Q: What is Mission against Malaria and why was it important for you to co-found this organisation?
Qureshi: I was thinking of starting an organization for several years before I actually went ahead with it; I delayed because I was wary that a cause like malaria would not generate enough interest in Canada. I’ve learned a lot about both AIDS and malaria through my studies and my own readings and what struck me the most was that both diseases result in the same number of casualties, even though one of them actually has a cure. AIDS is a serious issue in our world, and the cautions to prevent it have become well known in all corners of the world. A disease like malaria has gone under the radar in many ways, because the strategies to prevent it don’t have the same basis as AIDS, and require more than just decision making; malaria stems directly from poverty, populations that lack the basic supplies – such as mosquito nets – to prevent its spread.
I could have simply joined another organization that works towards this cause, but for me, I wanted that challenge of creating and building upon a vision in Tanzania, a country that means a lot to me. I found out that Tanzania is one of the five most malaria-stricken countries in the world. I knew that in co-founding an organization I could have the flexibility to put my ideas into action, and connect other organizations in ways that could not be possible otherwise. By next summer, our goal is to have three other organizations as sponsors- to share our ideas on joint projects, working toward spreading the word and not the disease.
Q: Why is it important to supply malaria prevention kits in Tanzania and why isn’t there a vaccine?
Qureshi: The problems in creating a vaccine lies mainly in the science behind the malaria parasite itself; the parasite is extremely resistant and it changes its ways so that our bodies often cannot recognize it twice. It is relatively straightforward to make a vaccine on a given strain, but it will not be useful because the parasite mutates more rapidly than a vaccine can be made. Also, the parasite has 3 distinct stages in it’s life-cycle and relies on two hosts, which is a huge hurdle for scientists. One vaccine cannot come close to targeting all three stages at once.

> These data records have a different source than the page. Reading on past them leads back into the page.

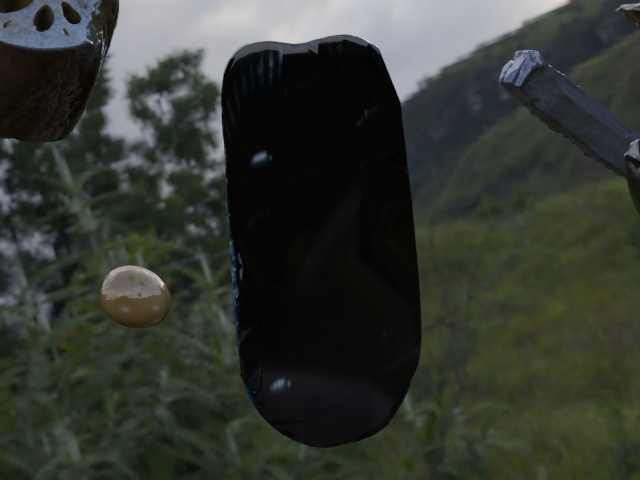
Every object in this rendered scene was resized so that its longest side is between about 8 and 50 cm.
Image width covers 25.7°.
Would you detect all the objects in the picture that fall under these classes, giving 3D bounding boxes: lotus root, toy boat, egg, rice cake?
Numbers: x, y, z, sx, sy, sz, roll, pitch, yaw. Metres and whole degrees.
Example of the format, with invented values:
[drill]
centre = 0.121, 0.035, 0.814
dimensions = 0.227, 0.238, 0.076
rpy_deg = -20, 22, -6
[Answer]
[lotus root]
centre = -0.180, -0.125, 0.826
dimensions = 0.112, 0.122, 0.081
rpy_deg = 22, -38, -11
[toy boat]
centre = 0.000, 0.000, 1.043
dimensions = 0.134, 0.298, 0.092
rpy_deg = -4, 3, -2
[egg]
centre = -0.236, 0.076, 1.813
dimensions = 0.096, 0.080, 0.080
rpy_deg = 25, 7, 20
[rice cake]
centre = 0.281, -0.113, 1.434
dimensions = 0.270, 0.055, 0.049
rpy_deg = 29, 1, -31

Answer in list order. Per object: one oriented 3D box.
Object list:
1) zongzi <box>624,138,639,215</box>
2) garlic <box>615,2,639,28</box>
[zongzi]
centre = 0.320, 0.025, 1.070
dimensions = 0.286, 0.138, 0.300
rpy_deg = 6, 53, 48
[garlic]
centre = 0.386, -0.263, 1.509
dimensions = 0.094, 0.074, 0.113
rpy_deg = -51, 11, -23

Even if a vaccine were to be made, distributing it will be tough; if it needs to be refrigerated, it’s difficult to get vaccines out to tropical areas without extra costs of keeping it cool, for instance.
This year, the itinerary of speakers and TED videos included:
- “Public Health in the 21st Century: the Open-Source Outbreak” – Jennifer Gardy (alumni speaker, BCCDC, Globe and Mail)

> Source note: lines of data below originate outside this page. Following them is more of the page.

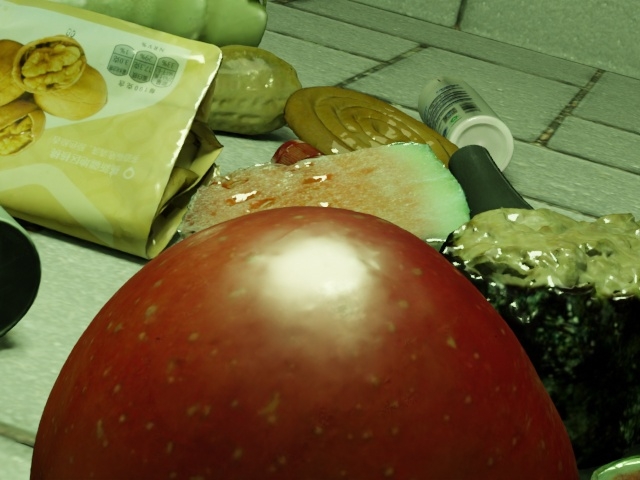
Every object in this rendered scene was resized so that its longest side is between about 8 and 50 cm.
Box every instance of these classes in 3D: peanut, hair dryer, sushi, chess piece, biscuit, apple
[{"bbox_3d":[-0.140,-0.195,1.714,0.236,0.120,0.110,5,-22,-17],"label":"peanut"},{"bbox_3d":[0.263,0.001,1.364,0.271,0.091,0.235,4,42,-24],"label":"hair dryer"},{"bbox_3d":[0.228,0.063,1.094,0.350,0.171,0.211,-2,22,-42],"label":"sushi"},{"bbox_3d":[-0.291,-0.327,1.730,0.442,0.234,0.234,-5,25,-28],"label":"chess piece"},{"bbox_3d":[0.078,-0.118,1.664,0.262,0.037,0.262,23,23,-11],"label":"biscuit"},{"bbox_3d":[-0.009,0.119,0.634,0.260,0.260,0.216,27,58,36],"label":"apple"}]

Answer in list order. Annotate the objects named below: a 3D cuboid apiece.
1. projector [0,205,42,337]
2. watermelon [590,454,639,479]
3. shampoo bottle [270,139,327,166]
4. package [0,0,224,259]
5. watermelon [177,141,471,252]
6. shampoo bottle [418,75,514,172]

- “Gender Quest” – Alexander Cannon (DMA student, School of Music)
- TED video (Dan Ariely)
- “On Perspectives of Global Nomads” – Azim Wazeer (4th year, Sauder School of Business, UBC Greek Life)
- ”The African Paradox” – Iris Amuto (4th year, Political Science, Woman’s and Gender Studies, UBC Africa Awareness)
- “Sharing Wonder” – Jennifer Kaban (Unclassified student, TRIUMF)
- TED video (Stefan Sagmeister)
- “Major Angst” – Camille Israel (4th year, Anthropology)
- “Malaria: How We Are Biting Back” – Nadine Qureshi (3rd year, Cell Biology and Genetics, Mission Against Malaria)
- “What Synthetic Biology Can Do For You” – Eric Ma (4th yr, Integrated Sciences, UBC iGEM)
- TED video (William Kamkwamba)
- TEDxTt 2008 update: “UBC Mix” & Wish Speaker introduction – Geoff Costeloe (5th year, Integrated Science, Political Science, UBC Mix)
- Wish Speaker: “Broken Mosaic: Challenging Canadian Diversity” – Tahira Ebrahim (4th year, Human Geography)
After the success of the event, it’s likely that these TEDxTerry Talks will become an annual event for many of the students in attendance. Perhaps they will be inspired to share some of their own projects that are making a difference on campus.